Secondary placement of existing shares in Envipco Holding N.V successfully completed

NOT FOR RELEASE, PUBLICATION OR DISTRIBUTION, IN WHOLE OR IN PART, DIRECTLY OR

INDIRECTLY, IN OR INTO THE UNITED STATES, AUSTRALIA, CANADA, HONG KONG, JAPAN

OR ANY JURISDICTION IN WHICH SUCH RELEASE, PUBLICATION OR DISTRIBUTION WOULD

BE UNLAWFUL. THIS ANNOUNCEMENT IS NOT AN OFFER OF SECURITIES AND THE

SECURITIES REFERRED TO HEREIN MAY NOT BE OFFERED OR SOLD IN THE UNITED STATES

ABSENT REGISTRATION EXCEPT PURSUANT TO AN EXEMPTION FROM, OR IN A TRANSACTION

NOT SUBJECT TO, THE REGISTRATION REQUIREMENTS OF THE U.S. SECURITIES ACT; ANY

PUBLIC OFFERING OF SUCH SECURITIES TO BE MADE IN THE UNITED STATES WILL BE

MADE BY MEANS OF A PROSPECTUS THAT MAY BE OBTAINED FROM THE COMPANY, WHICH

WOULD CONTAIN DETAILED INFORMATION ABOUT THE COMPANY AND MANAGEMENT, AS WELL

AS FINANCIAL STATEMENTS. THERE WILL BE NO PUBLIC OFFERING OF THE SECURITIES IN

THE UNITED STATES.

Amersfoort, The Netherlands, 14 January 2025 - Reference is made to the stock

exchange notice published on 14 January 2025 regarding a potential secondary

placement of existing ordinary shares (the "Shares") in Envipco Holding N.V

("Envipco" or the "Company") through an accelerated bookbuilding process (the

"Offering").

Two members of the Bouri family, Kathleen.
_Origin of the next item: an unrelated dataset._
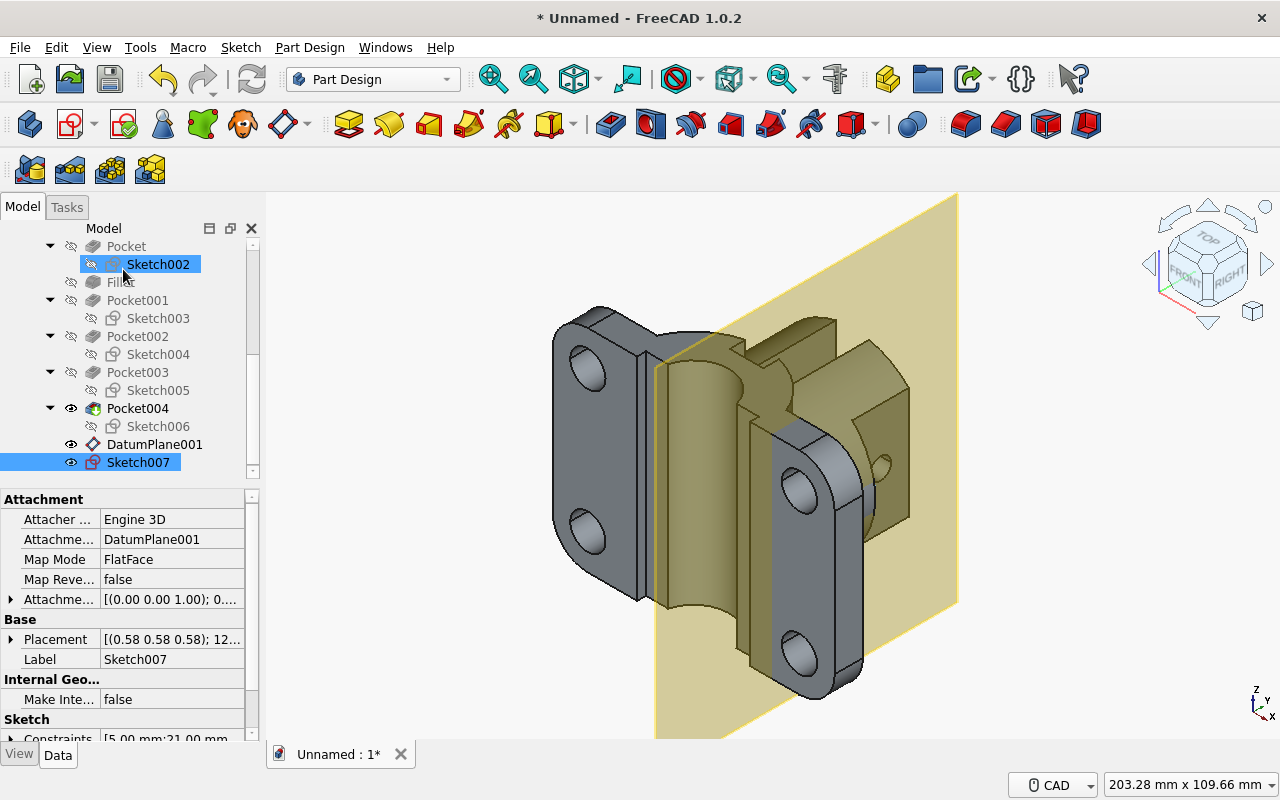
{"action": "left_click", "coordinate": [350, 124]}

E. Bouri and Vanda Bouri (the

"Sellers") have successfully sold 7,932,268 Shares in the Company,

representing approximately 13.8% of the issued and outstanding Shares in the

Company, at NOK 62 per share (the "Offering").

Following completion of the Offering, non-selling members of the Bouri family

(Mark A. Bouri, Maurice A. Bouri and Charles A. Bouri) will hold 8,923,802

shares in Envipco, equivalent to approximately 15.5% of the outstanding shares

in the Company. The Offering is unconditional as of the time of allocation,

and the Sale Shares will be tradeable upon allocation as from 15 January 2025.
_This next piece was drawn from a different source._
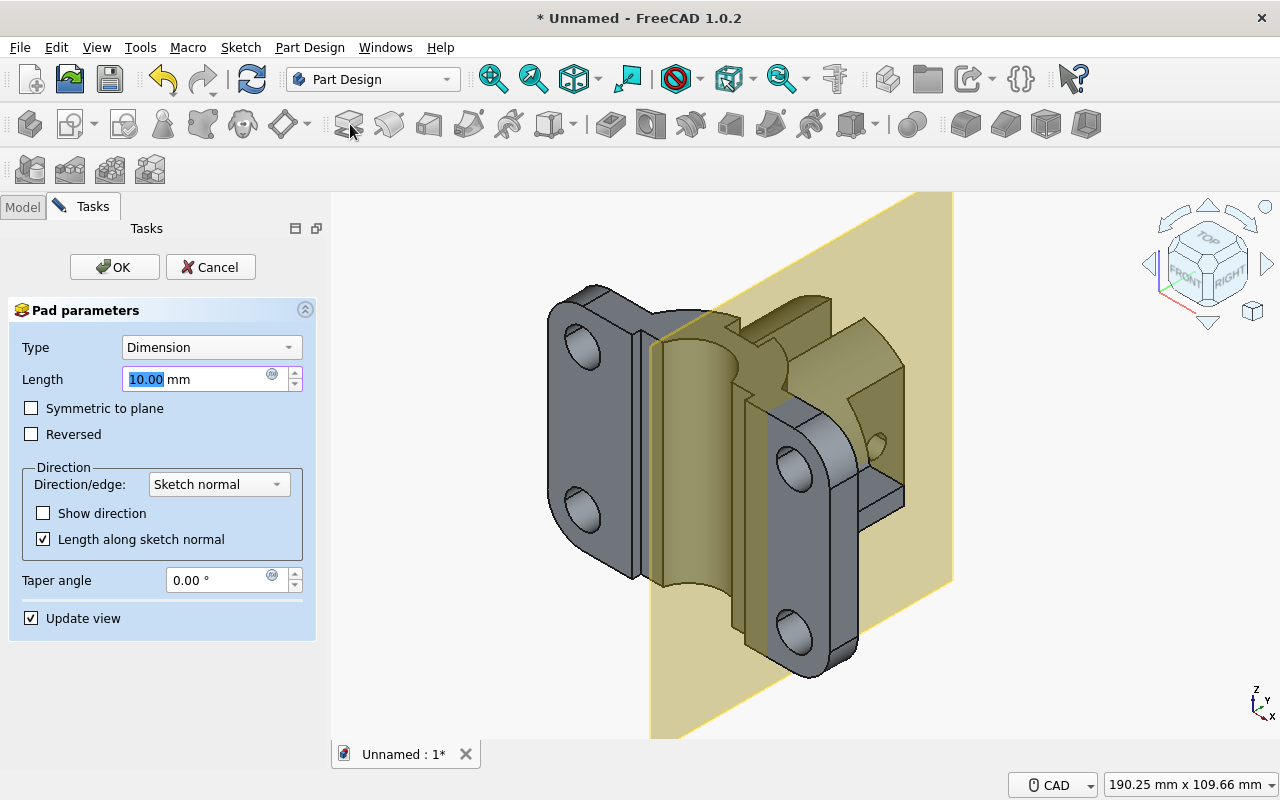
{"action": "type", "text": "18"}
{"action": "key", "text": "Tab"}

Settlement will take place on a delivery versus payment basis, on our about 17

January 2025.

The Company's shares are listed on Euronext Amsterdam and Euronext Oslo Børs,

under the ticker ENVI and ENVIP, respectively. The shares delivered in the

Offering will be in the Norwegian Central Securities Depository and will not

be tradable on Euronext Amsterdam unless they are made subject to a

registration process through Euroclear Netherlands, the central security

depositary in the Netherlands.

In connection with the Offering, the Bouri family will have reached their

targeted long-term position in Envipco, and remaining shareholding members of

the family has committed to a 365-day lock-up period with the Manager (defined

below) for their shares in Envipco, subject to certain customary exemptions.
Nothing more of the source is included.